Is the splitter a solid piece of metal like a grounding block, as in "is it intended to be a grounding block"? If not, then you should use a dedicated grounding block before that splitter, and then disconnect the ground from that splitter.

Also here is something else you may want to get while you are at it. This goes BEFORE the grounding block, and gets attached DIRECTLY TO IT. Unlike a grounding block, this will shunt the inner signal wire to ground in case of a cable surge.
http://www.amazon.com/Cable-In-Line-Coaxial-Surge-Protector/dp/B0002KR7EK/ref=sr_1_46?ie=UTF8&qid=1407300855&sr=8-46&keywords=Gas+Discharge+Arrestors


----------



## tarheelblue32 (Jan 13, 2014)

christheman said:


> Is the splitter a solid piece of metal like a grounding block, as in "is it intended to be a grounding block"? If not, then you should use a dedicated grounding block before that splitter, and then disconnect the ground from that splitter.
> 
> Also here is something else you may want to get while you are at it. This goes BEFORE the grounding block, and gets attached DIRECTLY TO IT. Unlike a grounding block, this will shunt the inner signal wire to ground in case of a cable surge.
> http://www.amazon.com/Cable-In-Line-Coaxial-Surge-Protector/dp/B0002KR7EK/ref=sr_1_46?ie=UTF8&qid=1407300855&sr=8-46&keywords=Gas+Discharge+Arrestors


What do you think about this one with the grounding block already attached to it:

http://www.amazon.com/gp/product/B0016AIYU6/ref=ox_sc_sfl_title_7?ie=UTF8&psc=1&smid=A2GTW9AGN806R2


----------



## christheman (Feb 21, 2013)

tarheelblue32 said:


> What do you think about this one with the grounding block already attached to it:
> 
> http://www.amazon.com/gp/product/B0016AIYU6/ref=ox_sc_sfl_title_7?ie=UTF8&psc=1&smid=A2GTW9AGN806R2


That looks good too, since it combines the two.

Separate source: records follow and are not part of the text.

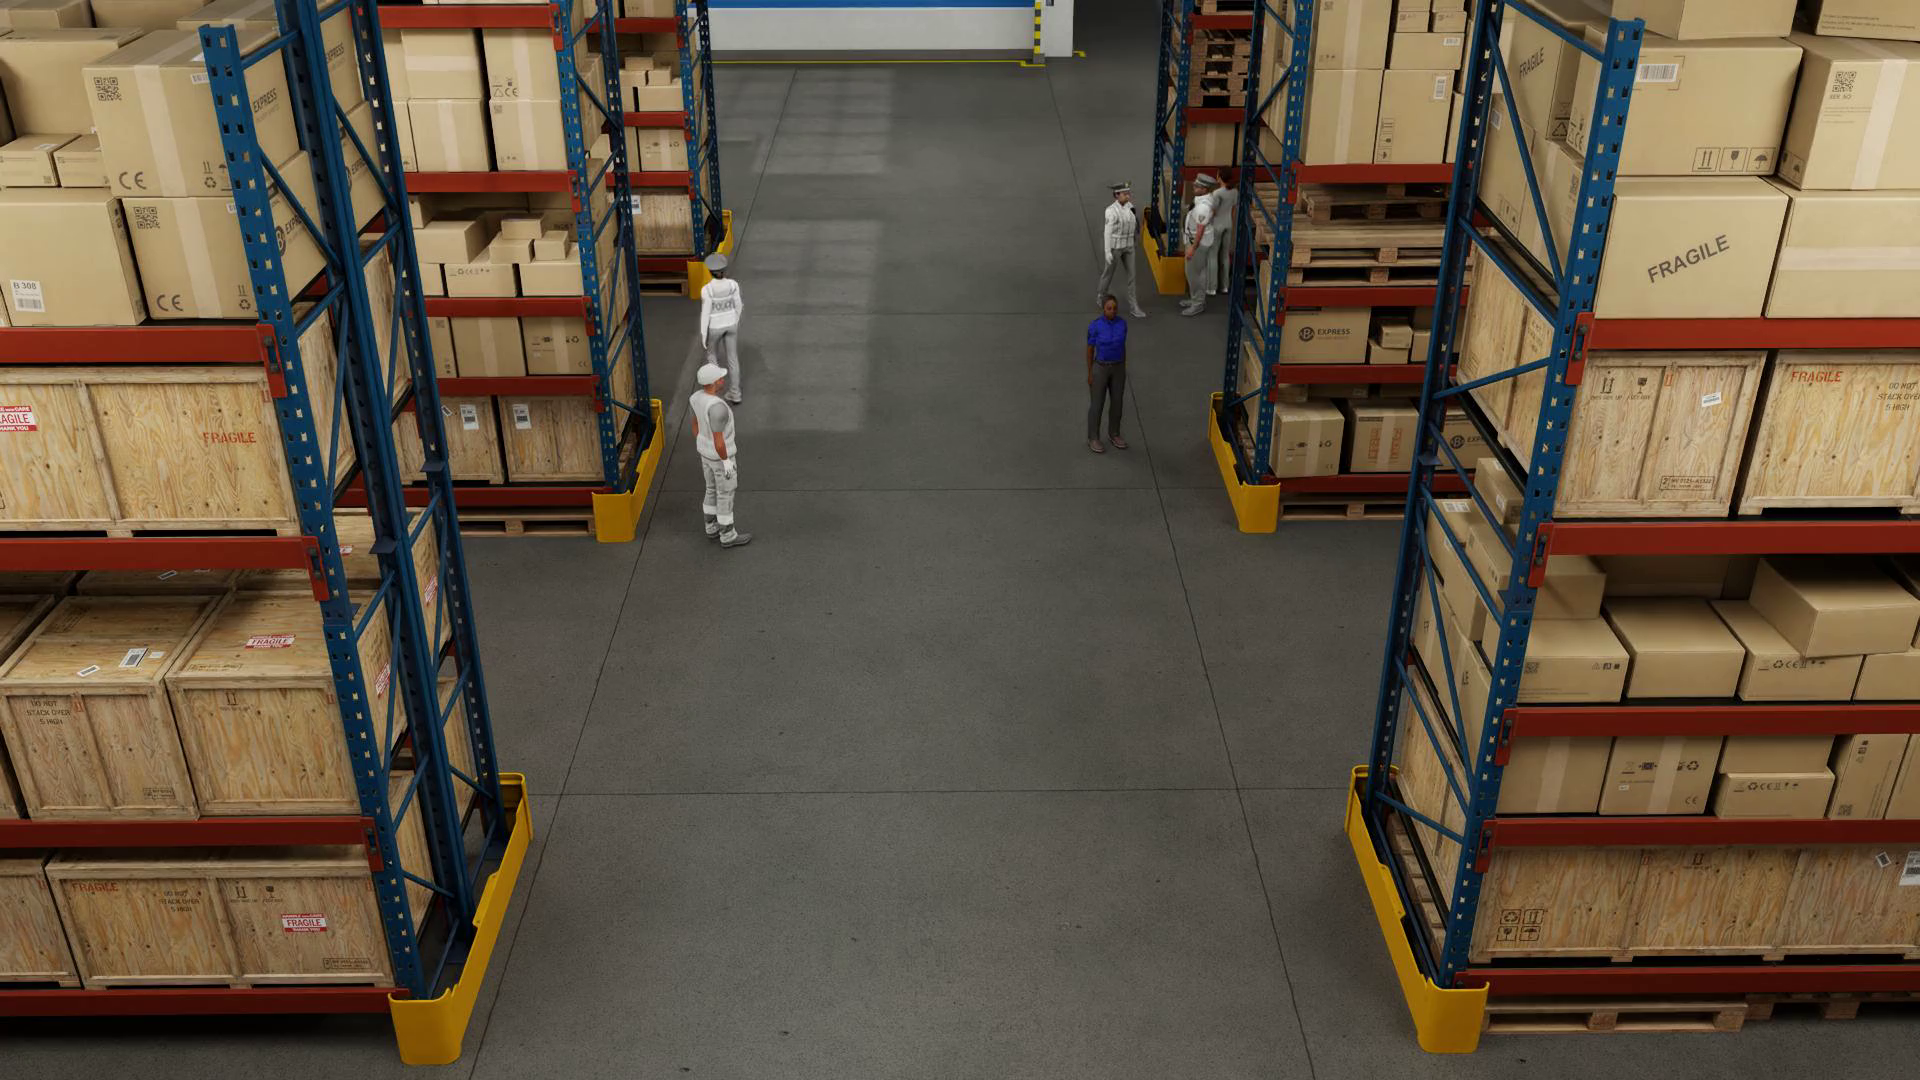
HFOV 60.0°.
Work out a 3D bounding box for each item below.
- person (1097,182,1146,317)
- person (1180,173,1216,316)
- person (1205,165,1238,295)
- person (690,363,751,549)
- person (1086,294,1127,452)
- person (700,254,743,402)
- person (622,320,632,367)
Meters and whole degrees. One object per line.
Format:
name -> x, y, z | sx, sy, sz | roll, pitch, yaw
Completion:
person -> 2.044, -3.637, 20.758 | 0.499, 1.677, 0.762 | -17, 33, -29
person -> 2.974, -3.716, 20.794 | 0.394, 1.772, 0.566 | 8, 29, 15
person -> 3.350, -4.001, 21.404 | 0.450, 1.672, 0.366 | -17, 33, -29
person -> -2.219, -0.799, 15.364 | 0.367, 1.795, 0.543 | -20, 34, -32
person -> 1.544, -1.741, 17.261 | 0.435, 1.657, 0.357 | -10, 30, -18
person -> -2.691, -2.407, 18.446 | 0.529, 1.660, 0.819 | -13, 31, -22
person -> -3.847, -2.366, 18.424 | 0.336, 1.660, 0.452 | 3, 28, 5
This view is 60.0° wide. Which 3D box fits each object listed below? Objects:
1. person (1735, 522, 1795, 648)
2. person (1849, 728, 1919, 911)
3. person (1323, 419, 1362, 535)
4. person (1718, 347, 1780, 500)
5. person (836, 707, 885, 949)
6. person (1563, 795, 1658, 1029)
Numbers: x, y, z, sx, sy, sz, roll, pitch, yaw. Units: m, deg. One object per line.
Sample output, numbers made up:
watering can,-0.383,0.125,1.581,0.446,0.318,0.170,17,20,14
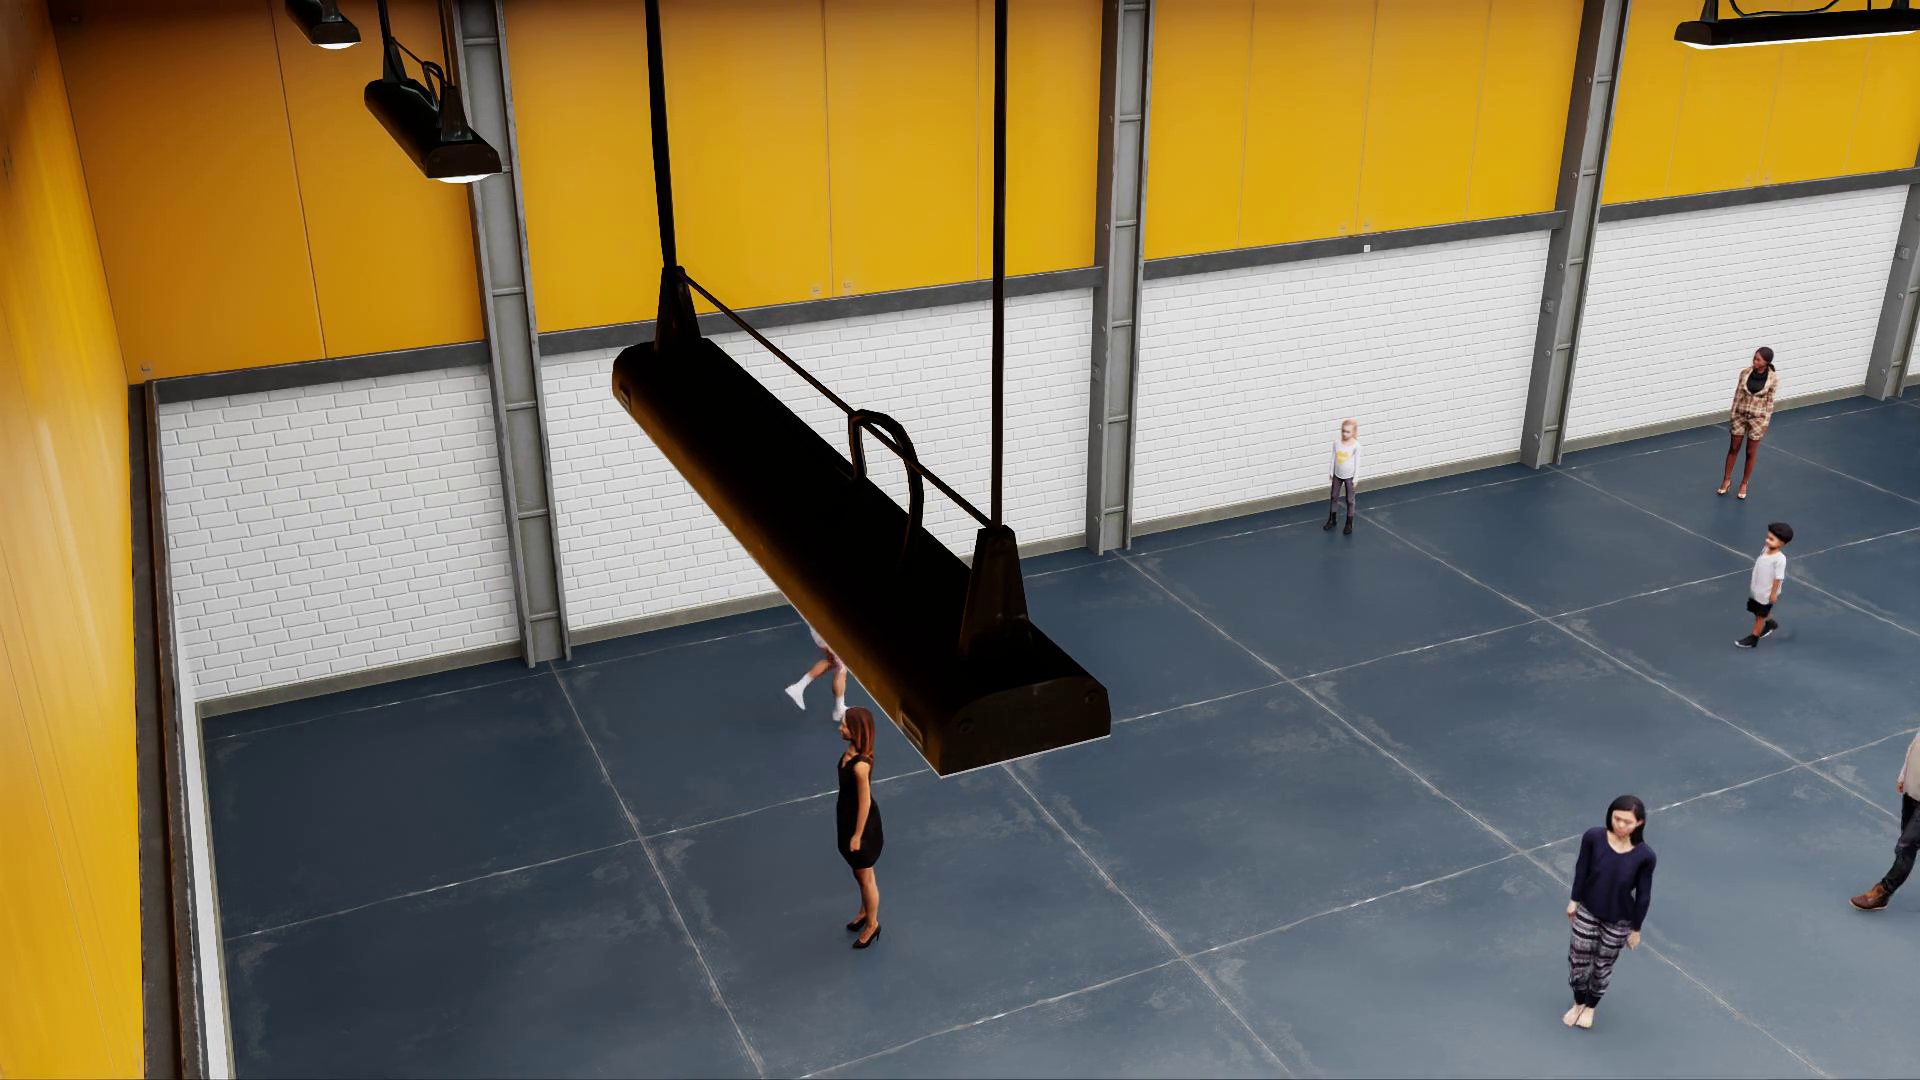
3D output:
person,7.554,0.413,15.483,0.722,1.255,0.597,-3,24,-7
person,6.820,1.787,11.601,1.192,1.846,0.920,-2,24,-5
person,4.172,-0.710,18.026,0.561,1.275,0.596,16,28,33
person,8.940,-1.345,18.832,0.662,1.793,0.672,19,30,36
person,-0.680,1.943,11.259,0.607,1.834,0.637,-4,24,-9
person,4.119,2.315,10.546,0.751,1.725,0.782,15,28,31
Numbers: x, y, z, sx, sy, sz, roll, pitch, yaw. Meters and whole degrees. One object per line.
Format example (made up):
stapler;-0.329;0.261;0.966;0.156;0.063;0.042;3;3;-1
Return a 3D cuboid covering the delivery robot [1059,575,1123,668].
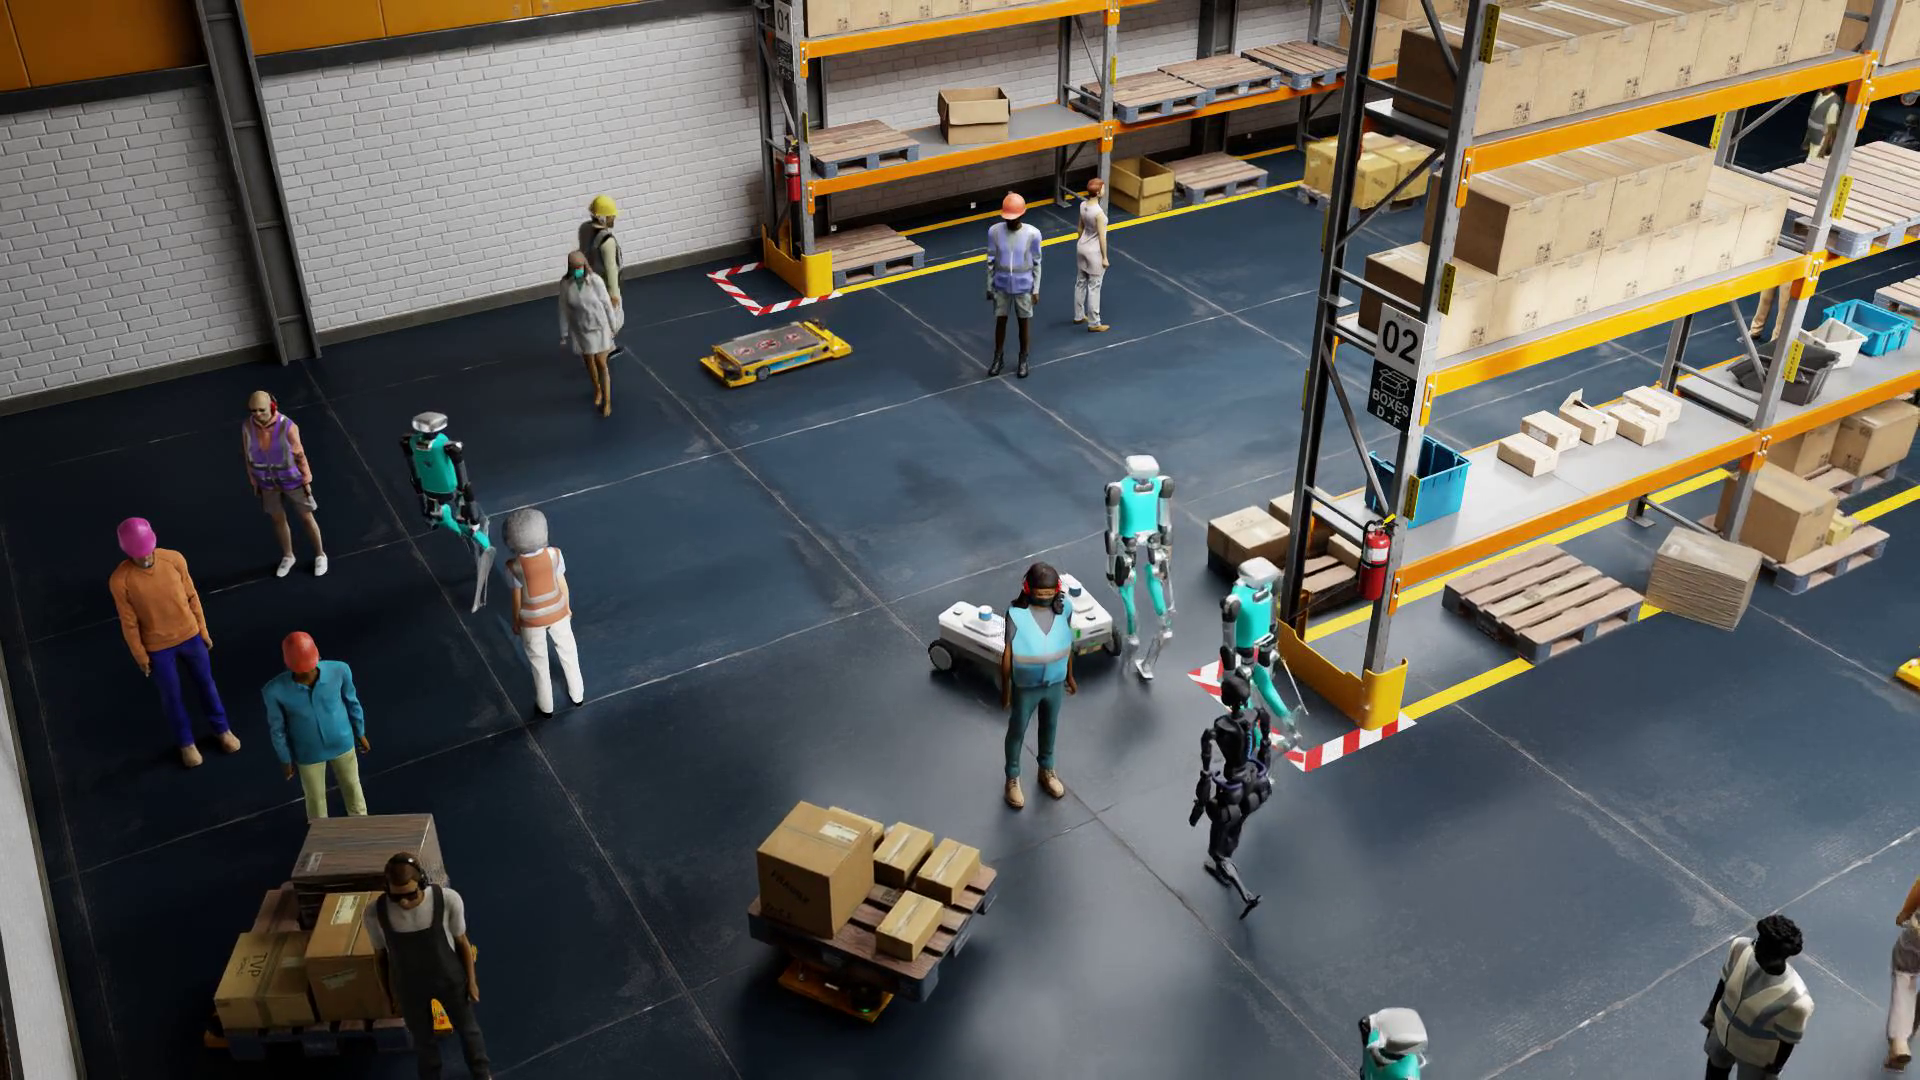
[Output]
delivery robot;0.890;0.615;12.853;0.499;0.614;0.815;-14;35;-21

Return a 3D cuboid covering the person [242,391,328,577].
person;-5.486;-0.458;13.480;0.492;1.687;0.347;0;32;0

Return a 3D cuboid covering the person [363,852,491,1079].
person;-2.822;2.360;8.845;0.504;1.838;0.329;-7;33;-10

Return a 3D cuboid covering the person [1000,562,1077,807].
person;0.511;0.937;11.085;0.539;1.865;0.370;-11;34;-17

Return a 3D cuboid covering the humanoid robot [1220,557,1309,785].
humanoid robot;2.066;1.007;11.149;0.541;1.849;0.670;-25;40;-34

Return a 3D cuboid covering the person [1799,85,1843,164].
person;10.536;-4.843;20.346;0.589;1.818;0.614;4;32;6

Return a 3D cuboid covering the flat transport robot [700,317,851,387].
flat transport robot;-1.905;-1.945;17.186;1.431;0.231;0.659;-20;37;-29

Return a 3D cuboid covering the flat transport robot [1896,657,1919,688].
flat transport robot;7.849;0.885;12.672;1.431;0.231;0.659;-21;38;-29

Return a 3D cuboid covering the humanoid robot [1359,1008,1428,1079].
humanoid robot;2.249;2.930;8.054;0.763;1.802;0.532;-7;33;-11

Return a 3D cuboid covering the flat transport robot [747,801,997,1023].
flat transport robot;-0.476;2.349;10.338;0.659;0.231;1.431;15;35;23

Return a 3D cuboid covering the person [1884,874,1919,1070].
person;5.433;2.202;9.171;0.468;1.751;0.680;15;35;22

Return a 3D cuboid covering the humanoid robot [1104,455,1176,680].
humanoid robot;1.385;0.332;12.234;0.547;1.834;0.828;-10;33;-15

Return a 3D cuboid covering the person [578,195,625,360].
person;-3.663;-2.573;16.745;0.620;1.805;0.656;26;40;35

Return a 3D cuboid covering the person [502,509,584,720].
person;-2.993;0.535;11.891;0.439;1.687;0.317;-18;36;-26

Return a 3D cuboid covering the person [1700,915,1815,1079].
person;4.072;2.587;8.621;0.319;1.691;0.535;-11;34;-16

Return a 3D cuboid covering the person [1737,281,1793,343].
person;8.475;-2.784;17.124;0.329;1.752;0.560;-16;36;-24

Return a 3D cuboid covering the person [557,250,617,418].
person;-3.575;-1.975;15.933;0.525;1.633;0.661;2;32;2

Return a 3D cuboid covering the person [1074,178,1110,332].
person;1.402;-3.020;17.587;0.285;1.661;0.449;-19;37;-27

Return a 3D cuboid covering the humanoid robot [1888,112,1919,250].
humanoid robot;10.968;-4.203;19.476;0.617;1.642;0.600;-3;32;-5

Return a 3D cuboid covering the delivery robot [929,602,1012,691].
delivery robot;0.182;0.752;12.583;0.734;0.560;0.499;23;39;32

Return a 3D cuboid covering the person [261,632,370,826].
person;-4.057;1.308;10.602;0.572;1.746;0.345;-19;37;-28

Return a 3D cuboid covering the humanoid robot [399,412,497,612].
humanoid robot;-3.931;-0.297;13.262;0.542;1.839;0.818;10;33;16

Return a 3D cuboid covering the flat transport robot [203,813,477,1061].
flat transport robot;-3.648;2.658;9.845;1.431;0.231;0.659;-2;32;-3

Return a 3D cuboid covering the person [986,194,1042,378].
person;0.525;-2.523;16.542;0.550;1.932;0.374;6;33;9

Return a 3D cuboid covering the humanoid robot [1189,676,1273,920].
humanoid robot;1.755;1.579;10.253;0.612;1.631;0.627;-19;37;-27

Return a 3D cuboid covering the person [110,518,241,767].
person;-5.416;0.684;11.398;0.518;1.972;0.404;-26;40;-35

Here is the manufacturer's own documentation
http://www.tiitech.com/repository/datasheetlibrary/NYMDS036-0710.pdf


----------



## nooneuknow (Feb 5, 2011)

I replied in the splitter thread.

I don't agree with the advice here. Modern splitter are designed to take on the role of grounding block, splitter, and protector, all in one, and have been for a long time. If your splitters were missing grounding screws, that's where the block would come in. But, that's more a reason to change the splitter, than it is to use a grounding block.

All I see here is advice that might have been good advice a decade ago.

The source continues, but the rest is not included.